══ EXERCISE MATERIALS ══

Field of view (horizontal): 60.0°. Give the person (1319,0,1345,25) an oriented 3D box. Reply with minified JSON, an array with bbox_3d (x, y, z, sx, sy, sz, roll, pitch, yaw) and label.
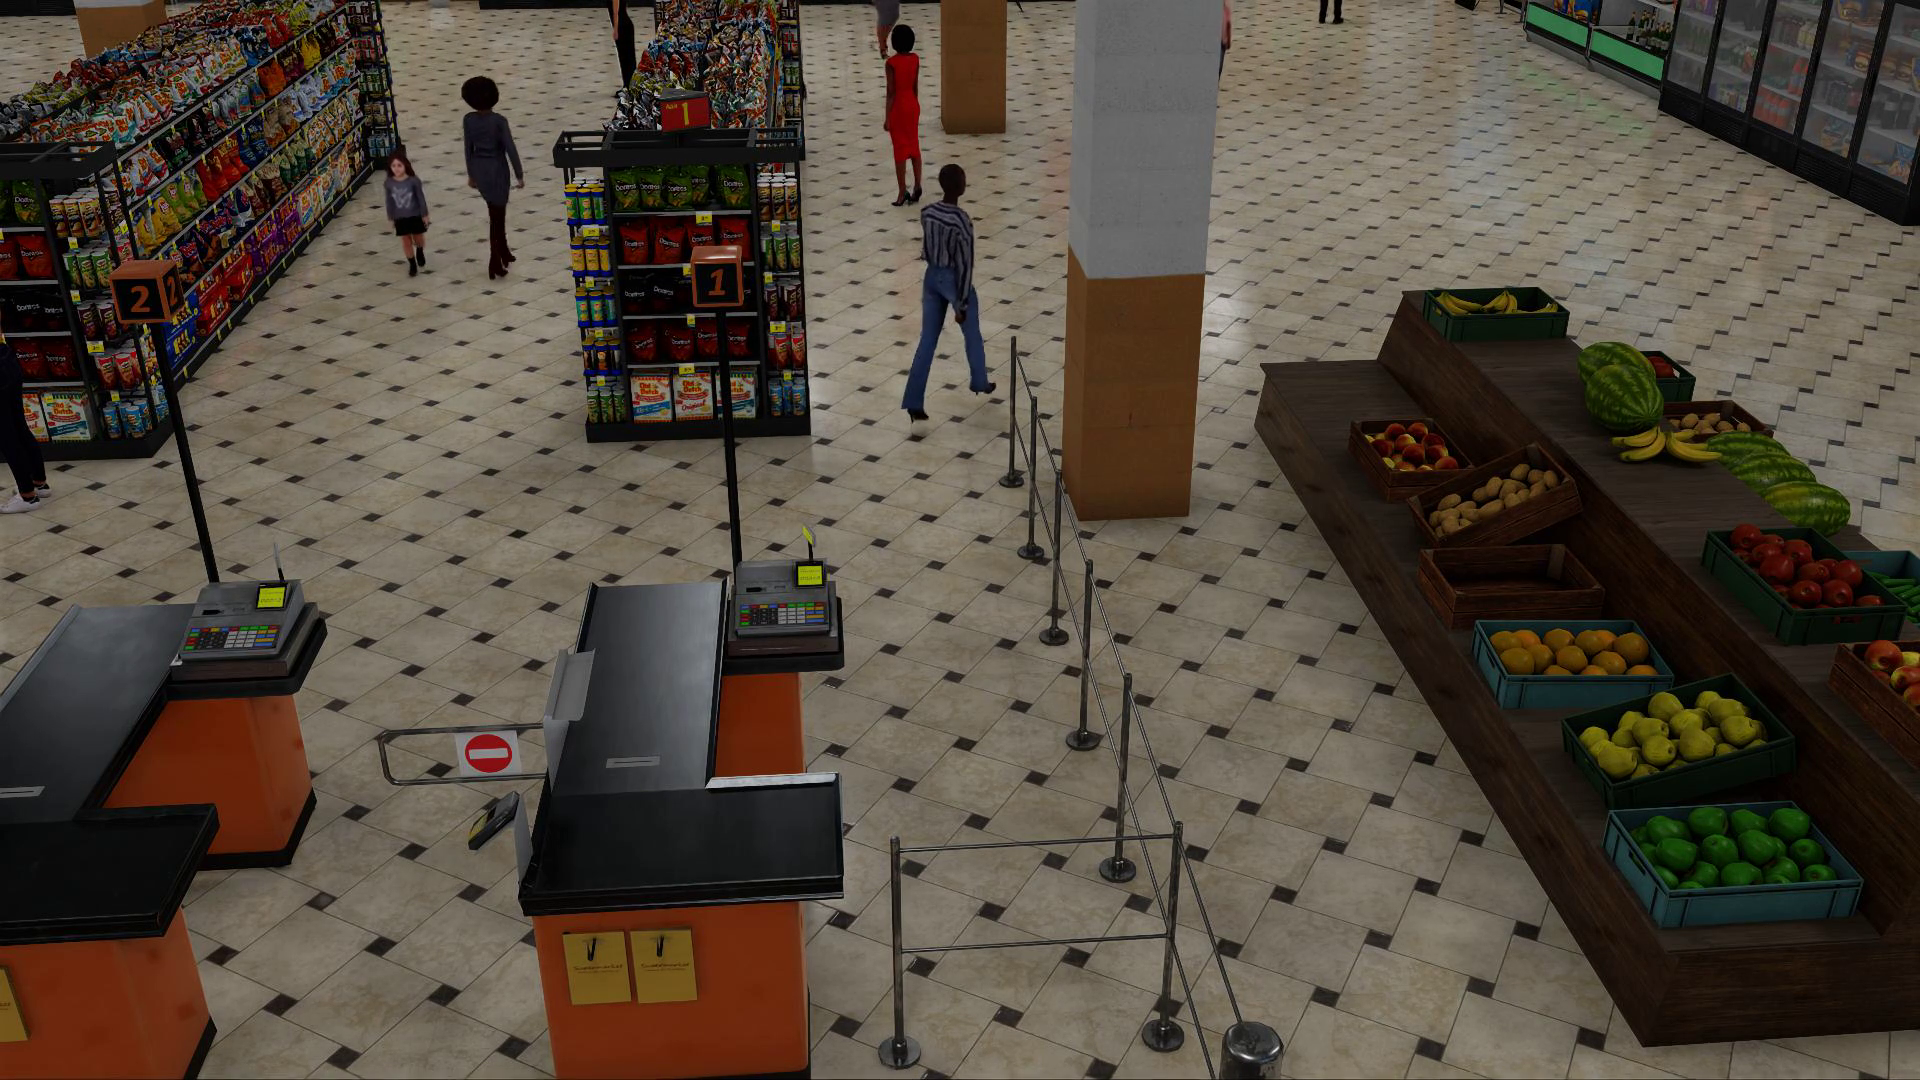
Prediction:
[{"bbox_3d":[5.751,-8.870,25.549,0.724,1.788,0.691,10,29,19],"label":"person"}]

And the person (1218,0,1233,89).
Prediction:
[{"bbox_3d":[3.287,-6.388,21.225,0.678,1.271,0.928,5,27,9],"label":"person"}]

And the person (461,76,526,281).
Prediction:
[{"bbox_3d":[-4.029,-3.052,14.180,0.743,1.694,0.861,7,28,13],"label":"person"}]

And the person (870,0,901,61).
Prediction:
[{"bbox_3d":[-1.085,-7.559,22.987,0.726,1.768,0.785,-14,30,-25],"label":"person"}]

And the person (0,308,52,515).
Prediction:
[{"bbox_3d":[-5.864,-0.960,10.128,0.622,1.629,0.447,-2,27,-4],"label":"person"}]

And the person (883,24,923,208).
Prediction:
[{"bbox_3d":[-0.551,-4.154,16.299,0.655,1.743,0.695,-24,35,-38],"label":"person"}]

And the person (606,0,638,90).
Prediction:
[{"bbox_3d":[-4.229,-6.413,20.912,0.675,1.601,0.516,3,27,5],"label":"person"}]

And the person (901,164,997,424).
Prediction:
[{"bbox_3d":[-0.149,-1.618,11.303,1.133,1.738,1.234,20,33,34],"label":"person"}]

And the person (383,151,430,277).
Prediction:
[{"bbox_3d":[-4.799,-2.857,14.455,0.532,1.097,0.593,-4,27,-8],"label":"person"}]

═══

== TASK OBJECTIVE ==
Exact reproduction of the entries above is what's needed; images stay out.

== ANSWER BOX ==
Field of view (horizontal): 60.0°. Give the person (1319,0,1345,25) an oriented 3D box. Reply with minified JSON, an array with bbox_3d (x, y, z, sx, sy, sz, roll, pitch, yaw) and label.
Prediction:
[{"bbox_3d":[5.751,-8.870,25.549,0.724,1.788,0.691,10,29,19],"label":"person"}]

And the person (1218,0,1233,89).
Prediction:
[{"bbox_3d":[3.287,-6.388,21.225,0.678,1.271,0.928,5,27,9],"label":"person"}]

And the person (461,76,526,281).
Prediction:
[{"bbox_3d":[-4.029,-3.052,14.180,0.743,1.694,0.861,7,28,13],"label":"person"}]

And the person (870,0,901,61).
Prediction:
[{"bbox_3d":[-1.085,-7.559,22.987,0.726,1.768,0.785,-14,30,-25],"label":"person"}]

And the person (0,308,52,515).
Prediction:
[{"bbox_3d":[-5.864,-0.960,10.128,0.622,1.629,0.447,-2,27,-4],"label":"person"}]

And the person (883,24,923,208).
Prediction:
[{"bbox_3d":[-0.551,-4.154,16.299,0.655,1.743,0.695,-24,35,-38],"label":"person"}]

And the person (606,0,638,90).
Prediction:
[{"bbox_3d":[-4.229,-6.413,20.912,0.675,1.601,0.516,3,27,5],"label":"person"}]

And the person (901,164,997,424).
Prediction:
[{"bbox_3d":[-0.149,-1.618,11.303,1.133,1.738,1.234,20,33,34],"label":"person"}]

And the person (383,151,430,277).
Prediction:
[{"bbox_3d":[-4.799,-2.857,14.455,0.532,1.097,0.593,-4,27,-8],"label":"person"}]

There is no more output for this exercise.